I feel that when most people take up fly fishing, they assume knots aren’t that big of a deal.  After all, they’ve been fishing since their days in Underoos, and already know how to tie a clinch knot. And that may be so. But rigging up a fly rod poses a whole new set of challenges if all you’ve done is tied Trilene to Rapalas and crawler harnesses (not to say hardware guys are incompetent at tying knots…I’m just saying…well….yeah, let’s…let’s just not). You have to deal with tying super thin tippet material to impossibly small eyes on size 100 hooks that always seem to be trying to impale you while you are seating your knots. You also need to know your way around several different types of line-to-line connections that have ominous words in their names like “blood,” “nail,” “perfection” or “albright” (which is Latin for “good luck holding onto all those wraps, loser!”).

Fluorocarbon tippet is also a must now, which means dealing with the line self-destructing every time it turns over on itself. (You do use fluorocarbon tippets, right? I mean, everyone uses fluorocarbon. I heard the DNR is trying to outlaw it because it works so well. I’m pretty sure it was designed by NASA to tether their space ships to space stations).
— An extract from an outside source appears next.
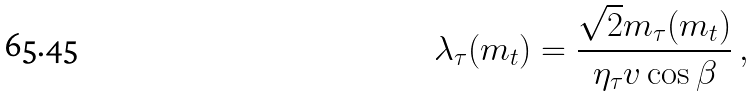Convert formula to latex. <formula><loc_0><loc_0><loc_500><loc_500>\lambda _ { \tau } ( m _ { t } ) = { \frac { \sqrt { 2 } m _ { \tau } ( m _ { t } ) } { \eta _ { \tau } v \cos \beta } } \, ,</formula>

And, in the end, every single one of these knots needs to be as close to perfection as possible when you rely on them to hold as you try to put the brakes on that solid slab of river-current trained muscle making a hard run downstream for the safety of a submerged Forest of Fangorn (NERD!).

So, now that we’ve established how important knots are, let’s talk about how you can step up your knot game.
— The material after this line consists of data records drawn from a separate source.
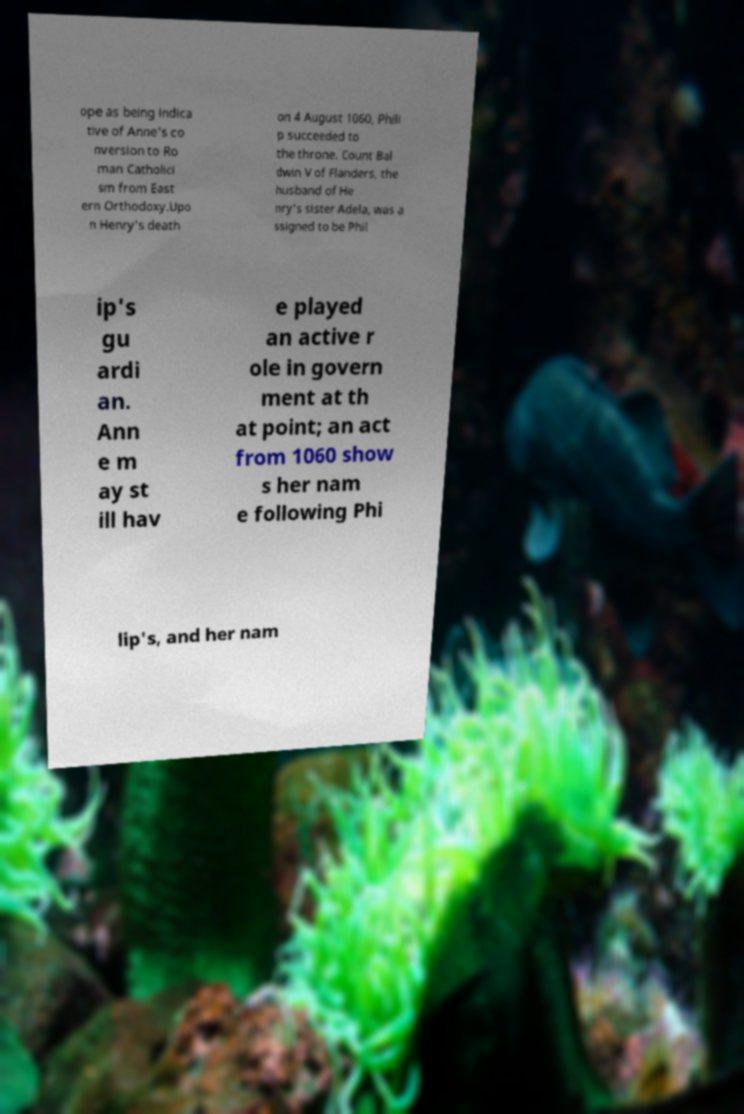For documentation purposes, I need the text within this image transcribed. Could you provide that? ope as being indica tive of Anne's co nversion to Ro man Catholici sm from East ern Orthodoxy.Upo n Henry's death on 4 August 1060, Phili p succeeded to the throne. Count Bal dwin V of Flanders, the husband of He nry's sister Adela, was a ssigned to be Phil ip's gu ardi an. Ann e m ay st ill hav e played an active r ole in govern ment at th at point; an act from 1060 show s her nam e following Phi lip's, and her nam 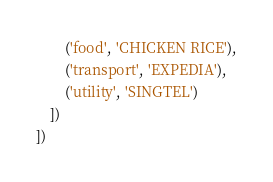<code> <loc_0><loc_0><loc_500><loc_500><_Python_>        ('food', 'CHICKEN RICE'),
        ('transport', 'EXPEDIA'),
        ('utility', 'SINGTEL')
    ])
])
</code>

Use the knot in which you have the most CONFIDENCE, and that you can CONSISTENTLY tie well in ALL conditions and scenarios.

This amazingly wise piece of advice was shared with me by our very own Chief Rocka (and was probably followed by “Please stop messaging me at 3 a.m. with questions about knots.”). Sure, some people with a lot of time on their hands have said the San Diego Jam knot is the strongest terminal knot in the universe, but if you can’t tie it to near perfection after being on the river all day in cold rain with a belly full of Fireball, you won’t be able to use it. A well-tied clinch knot is better than a crappy tied SD Jam Knot every time.

Remember that practice really does make perfect.

Being able to tie a good knot in adverse conditions (be it chasing steelies in the rain or smallies under the influence) is a product of muscle memory. My advice for practicing your knots? Find the following items and put them in a big ziplock bag, tupperware container or elegant, hand-crafted, wooden keepsake box:

  • Two, differently sized spools of line. Those old spools of Berkley from your spinning gear days should work. Or, if you are super rich, actual Maxima and a few sizes of tippet.
  • Some old flies with the hooks cut off, and maybe a barrel swivel if you run indie rigs.
  • A good chunk of old fly line (you know you have to change that out eventually, right?)
  • A set of nail clippers. It’s not like you are cutting those Sasquatch toenails, anyway.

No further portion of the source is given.